In mikejohnson51/zonal: Performant zonal statistics over flexible units

library(terra)

knitr::opts_chunk$set(
  out.width = "100%",
  fig.width = 7,
  fig.height = 4, dpi = 150, fig.path = "b-",
  message = FALSE, warning = FALSE, error = FALSE
)

devtools::load_all('.')

library(doMC)
library(foreach)
library(ggplot2)
library(patchwork)
library(terra)
# library(zonal)
library(exactextractr)

Scope

zonal is an extension package for extactextractr that adds utilities for increased speed for repeatative (distributed files) tasks, and use of custom user functions. The gist of zonal is that a portion of exact_extract()'s execution time is spent building weight grids.

If a user wants to apply that same weight grid across many different datasets either due to size, or, because different functions are intended to summarize different layers, there is value in being able to precompute the weights and apply it over and over again.

When using a weight grid to summarize data rather then "on-the-fly" summarization, we can enlist a number of R-based tool chains for increased performance - namely data.table and collapse.

The conceptual model that zonal uses is to provide a common syntax for 4 different use cases in shown below:

knitr::include_graphics("../img/roadmap.png")

NOTE: The examples shown here are highlighting advances made for some workflows. zonal cannot exist without exactextractr and timing should not be taken as a package comparison! For many, many use cases, the far left path - straight exact_extract - is used, unimpeeded by any zonal code outside the optional handling of pathnames for input x.

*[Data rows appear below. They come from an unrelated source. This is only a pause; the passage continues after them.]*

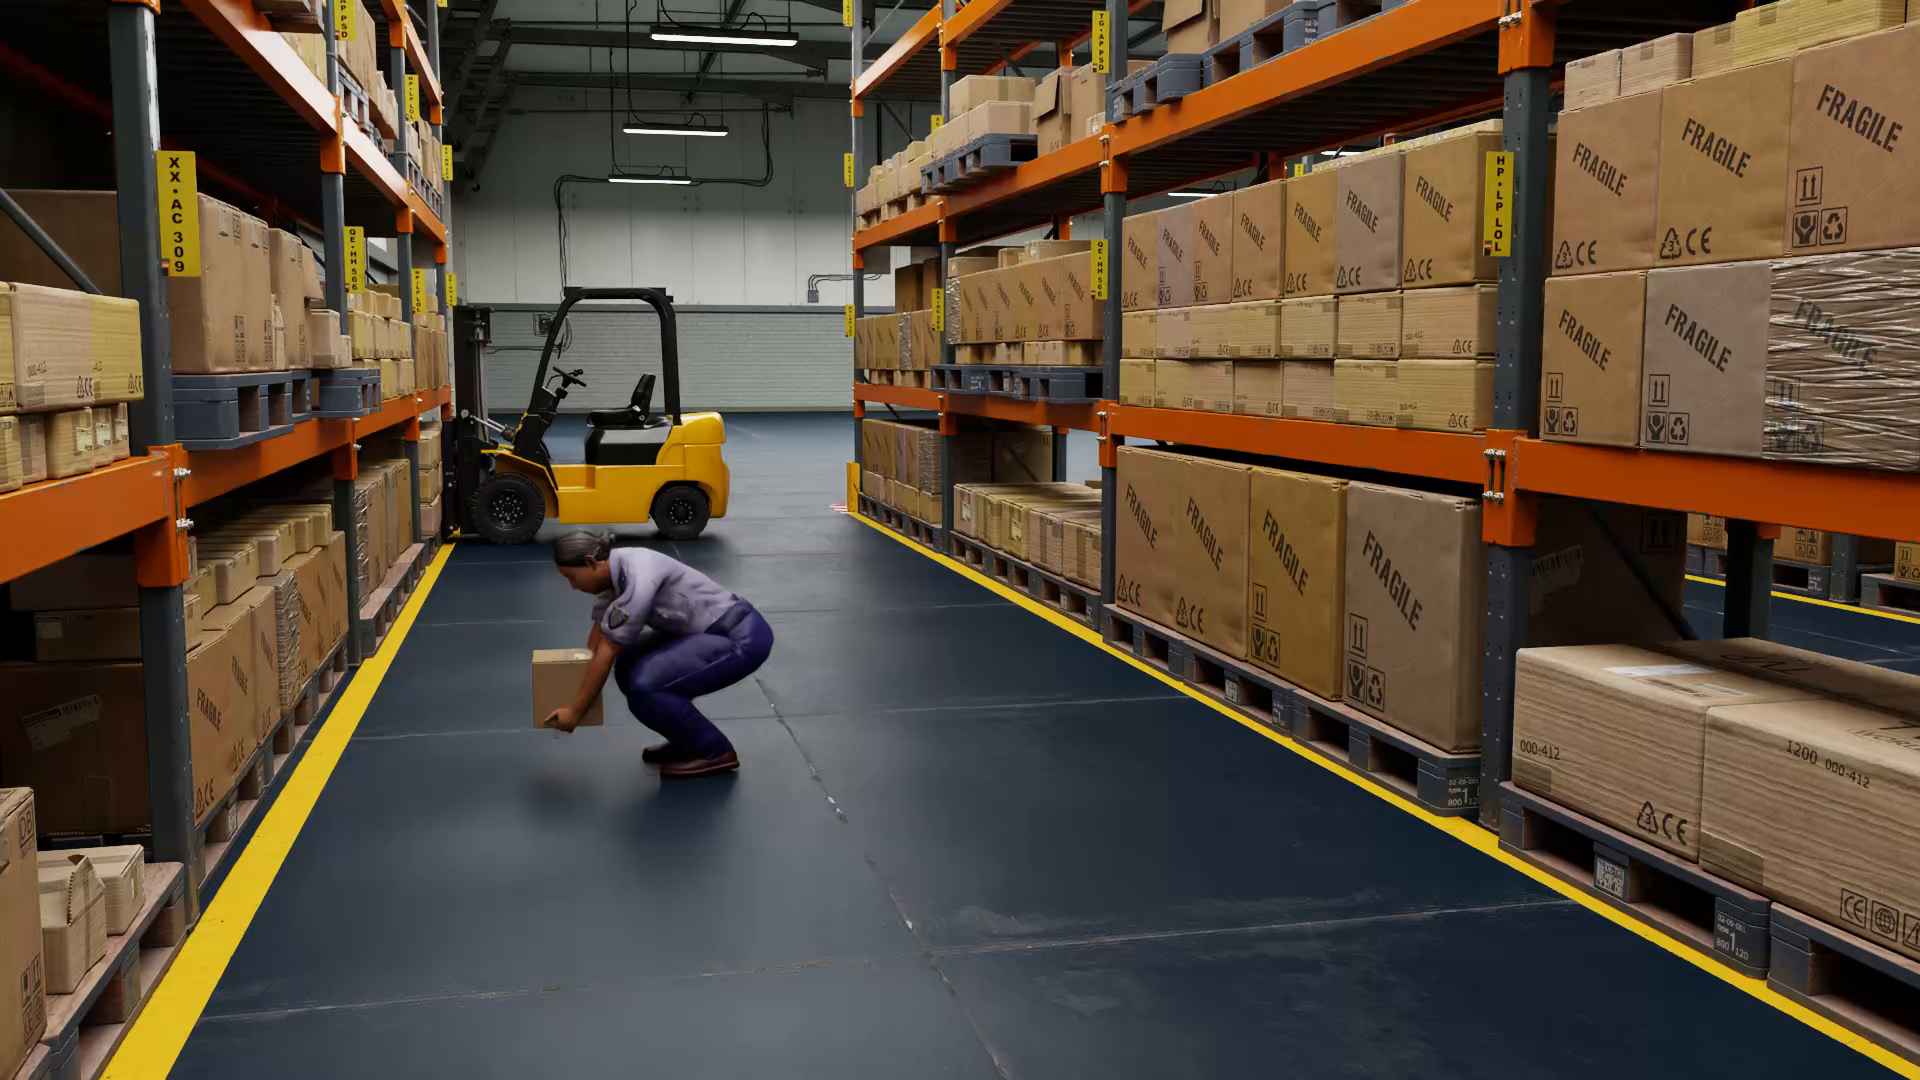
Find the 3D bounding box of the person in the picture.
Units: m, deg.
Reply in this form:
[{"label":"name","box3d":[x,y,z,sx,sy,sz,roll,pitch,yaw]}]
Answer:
[{"label":"person","box3d":[-1.143,0.413,6.309,0.861,0.937,0.500,-2,6,-15]}]
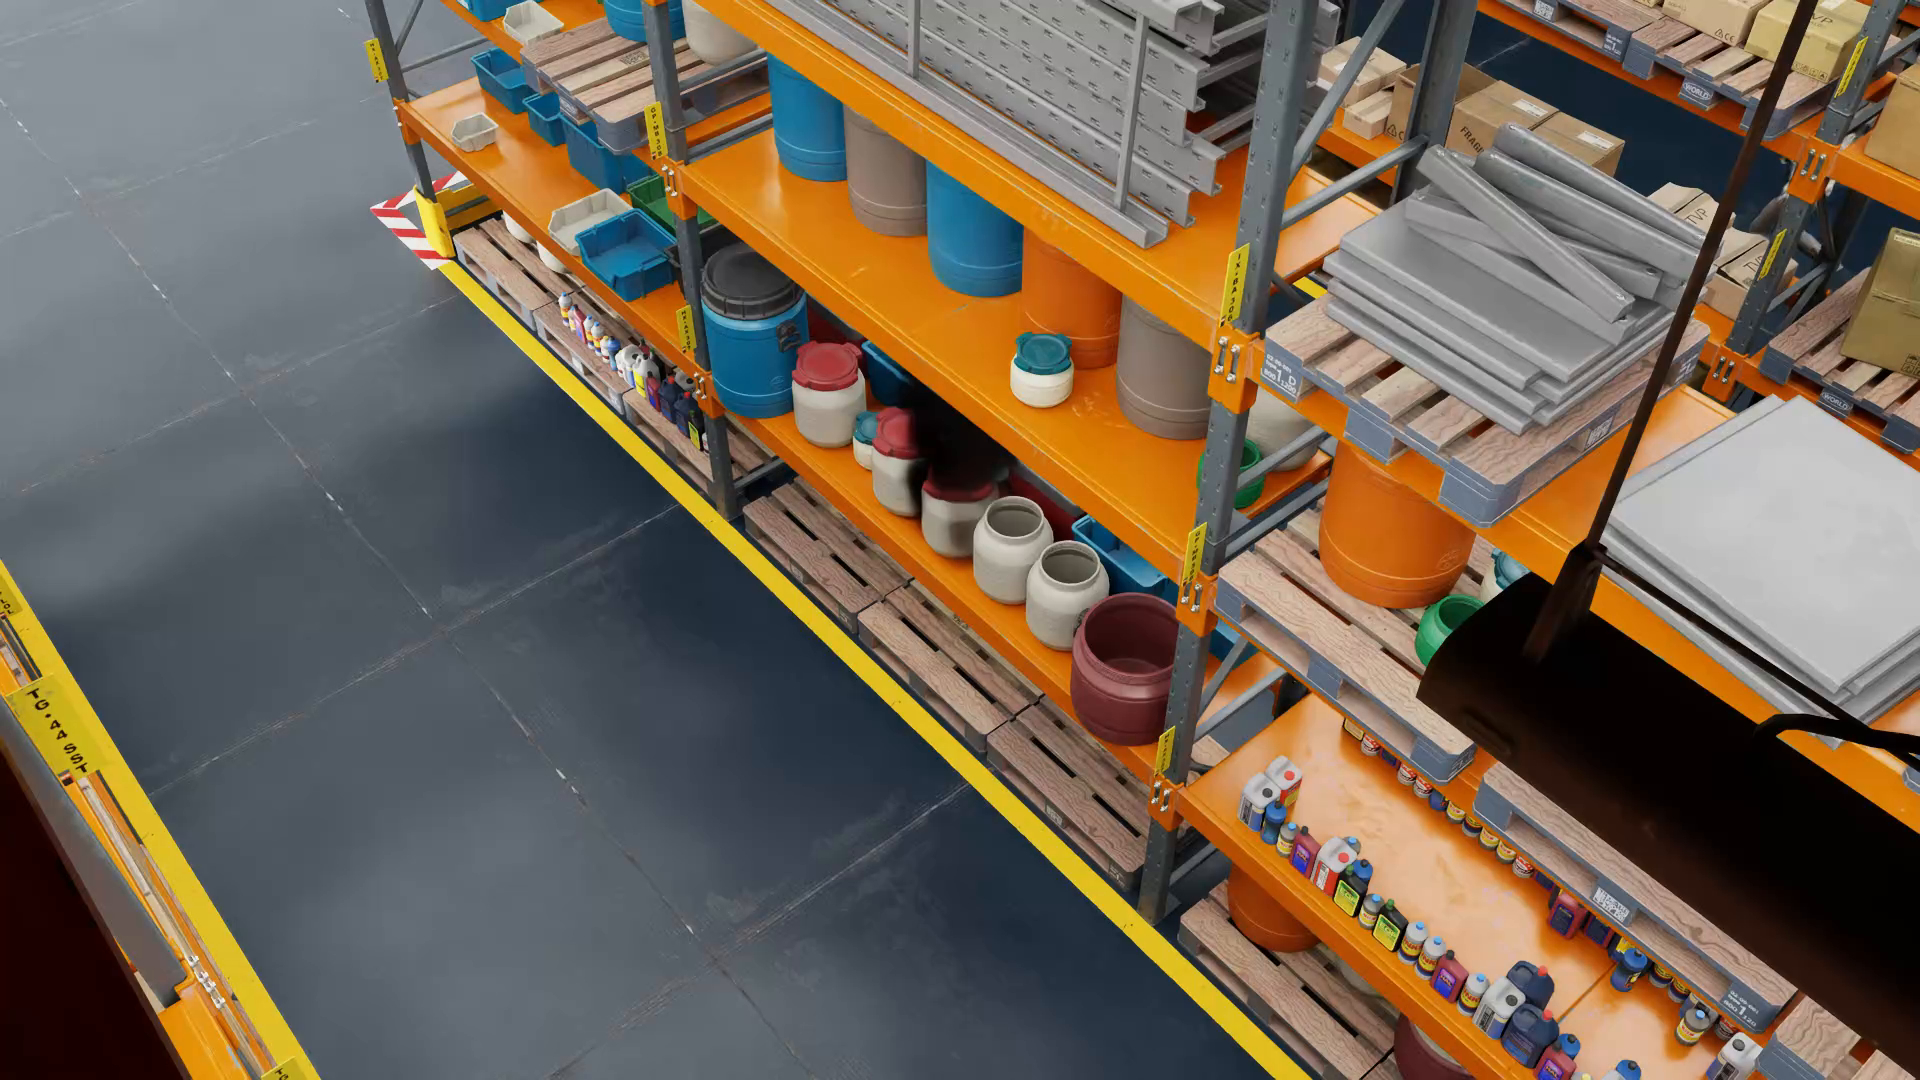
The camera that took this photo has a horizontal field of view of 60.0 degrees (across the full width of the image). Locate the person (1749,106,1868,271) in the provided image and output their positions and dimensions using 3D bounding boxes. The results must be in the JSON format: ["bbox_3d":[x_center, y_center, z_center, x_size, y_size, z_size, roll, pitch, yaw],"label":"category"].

Use Case 1 - Many files, not easy to merge

The use here is that we want to summarize daily mean rainfall for 21 years of gridded gridmet data. The gridmet team provides daily data in annual NetCDF files each containing 1 variable. If you wanted to compute a 21 year daily mean rainfall, you would need to download 21 files. For this test, we loaded these in the following directory:

pr = list.files('/Volumes/Transcend/ngen/climate/gridmet/pr', full.names = TRUE)

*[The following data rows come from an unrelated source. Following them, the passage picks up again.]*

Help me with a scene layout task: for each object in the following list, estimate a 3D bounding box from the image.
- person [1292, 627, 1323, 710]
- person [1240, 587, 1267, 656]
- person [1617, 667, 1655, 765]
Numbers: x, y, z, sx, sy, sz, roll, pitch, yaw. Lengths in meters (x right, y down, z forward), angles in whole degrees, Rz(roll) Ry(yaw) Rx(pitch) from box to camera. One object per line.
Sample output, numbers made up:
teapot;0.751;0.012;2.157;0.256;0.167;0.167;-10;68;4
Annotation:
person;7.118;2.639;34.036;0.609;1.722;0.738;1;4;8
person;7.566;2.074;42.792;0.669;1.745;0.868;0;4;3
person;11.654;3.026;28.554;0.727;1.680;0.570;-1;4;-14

In total these r length(pr) files take up r sum(unlist(lapply(pr, file.size))) / 1e9 gigabytes, and store approximately r prod(dim(rast(pr[1]))) * length(pr) values. One slice of data can be seen below:

plot(rast(pr[1])[[1]], main = "Rainfall 2000-01-01")

Summary Units

For this use case, we are defining the summarization units as 17,695 watersheds spanning the east coast of the United States:

# AOI
AOI = sf::read_sf('../../hyAggregate/data/03_ngen_01.gpkg', 'aggregate_catchments')

plot(sf::st_geometry(AOI))

Precomute a Weighting Grid

The summary function of choice is mean. This function is an "optimized" function because both exactextractr and collapse provide explict mean functions. To illustrate the difference in the two routes shown in figure 1, we precompute a weight grid by calling zonal::weight_grid.

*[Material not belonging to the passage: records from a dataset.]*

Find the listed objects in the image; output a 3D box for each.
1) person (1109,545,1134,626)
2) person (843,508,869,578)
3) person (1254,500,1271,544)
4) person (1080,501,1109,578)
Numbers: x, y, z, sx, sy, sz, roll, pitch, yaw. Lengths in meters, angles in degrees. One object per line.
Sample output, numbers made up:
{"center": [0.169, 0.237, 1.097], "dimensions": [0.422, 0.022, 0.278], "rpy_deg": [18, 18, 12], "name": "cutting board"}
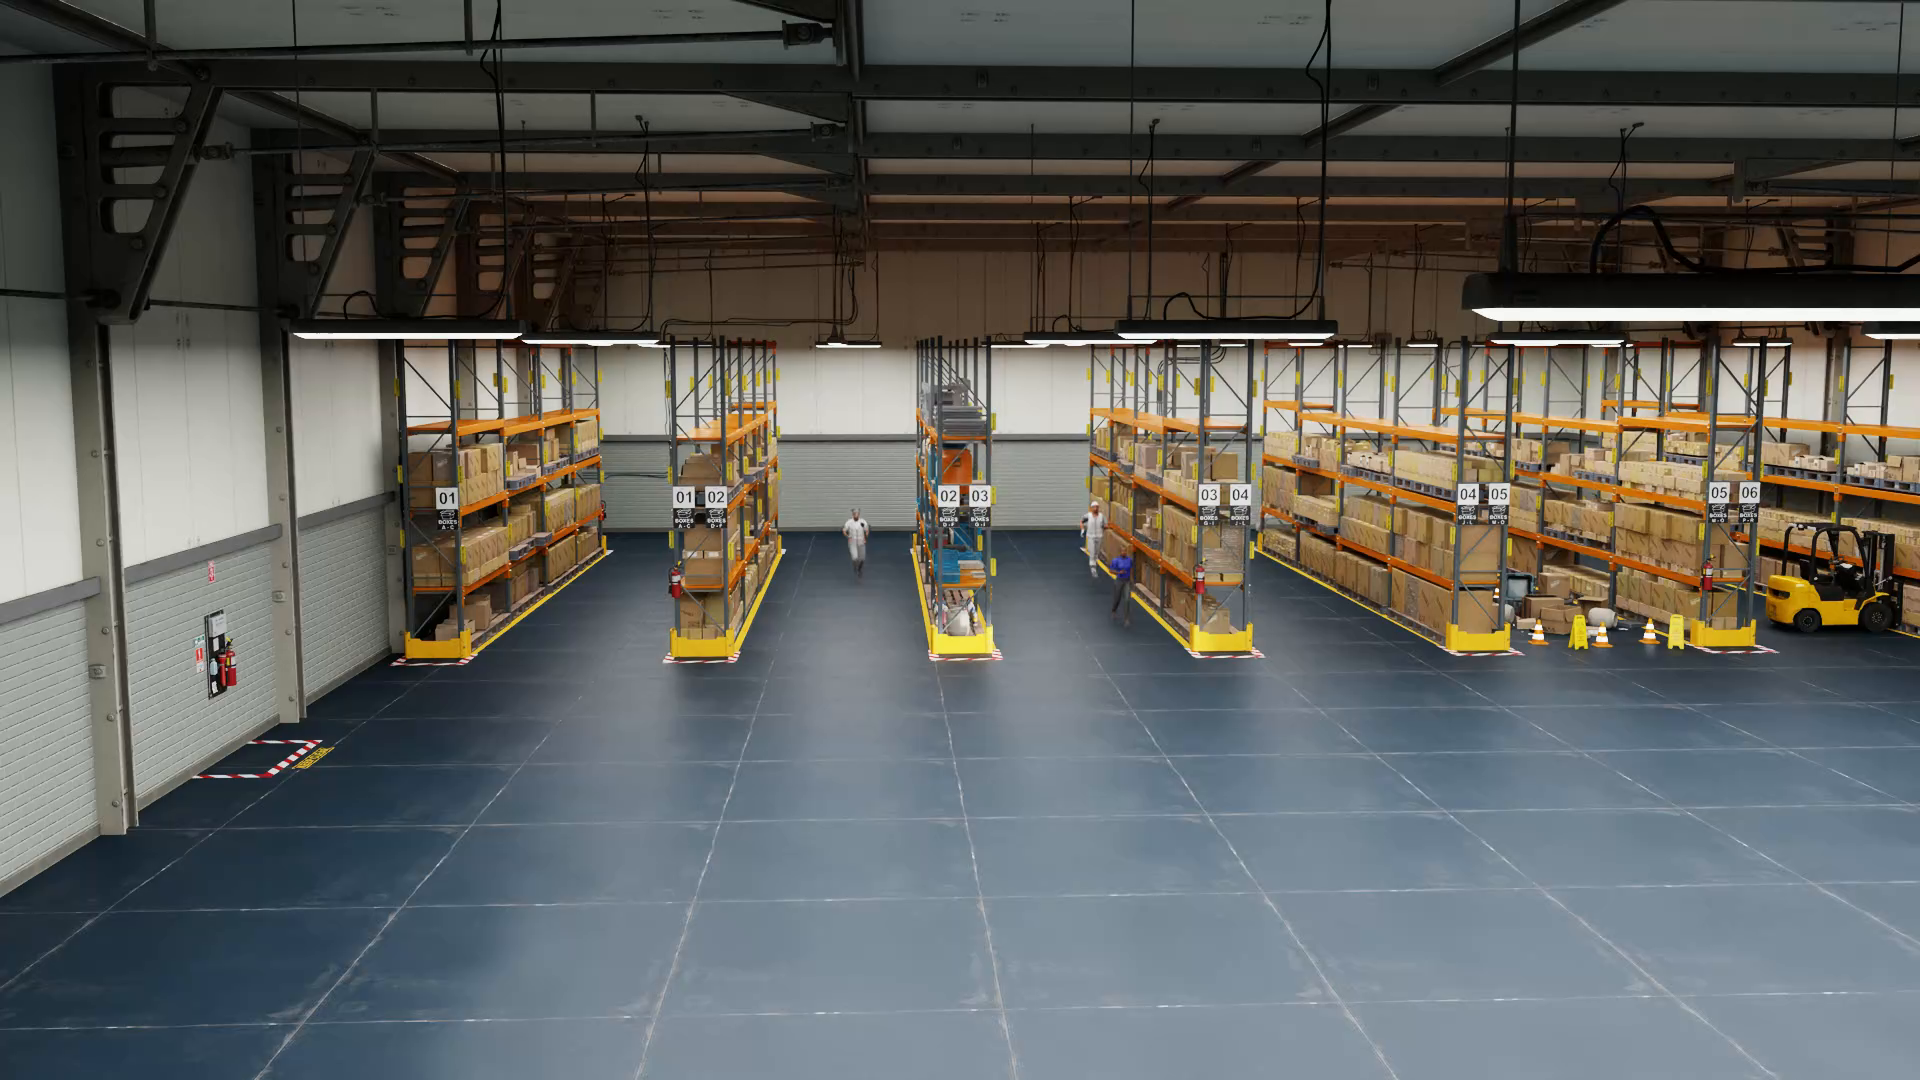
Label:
{"center": [3.393, 0.928, 34.821], "dimensions": [0.609, 1.646, 0.906], "rpy_deg": [-1, 7, -13], "name": "person"}
{"center": [-2.525, 0.088, 40.633], "dimensions": [0.659, 1.765, 0.587], "rpy_deg": [-1, 7, -12], "name": "person"}
{"center": [8.998, -0.702, 49.151], "dimensions": [0.553, 1.728, 0.739], "rpy_deg": [-1, 7, -8], "name": "person"}
{"center": [3.248, -0.022, 40.007], "dimensions": [0.658, 1.815, 0.915], "rpy_deg": [-1, 7, -9], "name": "person"}

weight_time = system.time({
  gw = weight_grid(pr[1], AOI, "id", progress = FALSE)
})

weight_time

Overall producing a weight_grid took r weight_time[3] seconds. The result is the data.table shown below:

class(gw)
dim(gw)
head(gw)

For all options we will use the foreach iterator to work over the gridMet files with the .combine = "cbind" option. We will also use a doMC parallel backend.

registerDoMC()

Route 1: Parralelized `exact_extract`

First we iterate over the exact_extract implementation:

ee_time = system.time({
  ee_exe = foreach(i = 1:length(pr), .combine = 'cbind') %dopar% {
    exact_extract(rast(pr[i]), 
                  AOI, 
                  fun = "mean",
                  progress = FALSE)
  }

  ee_exe$id = AOI$id
})

ee_time 

dim(ee_exe)

Overall, this process took r ee_time[3] seconds, and produced a data.table with r dim(ee_exe)[1] rows and r dim(ee_exe)[2] columns.

Route 2: zonal wrapper

First we iterate over the exact_extract implementation:

zonal_time = system.time({
  zonal_exe = foreach(i = 1:length(pr), .combine = 'cbind') %dopar% {
    execute_zonal(pr[i], 
                  AOI, 
                  ID = "id",
                  drop = "id",
                  fun = "mean",
                  join = FALSE)
  }

  zonal_exe$id = AOI$id
})

zonal_time 

dim(zonal_exe)

Overall, this process took r zonal_time[3] seconds, and produced a data.table with r dim(zonal_exe)[1] rows and r dim(zonal_exe)[2] columns.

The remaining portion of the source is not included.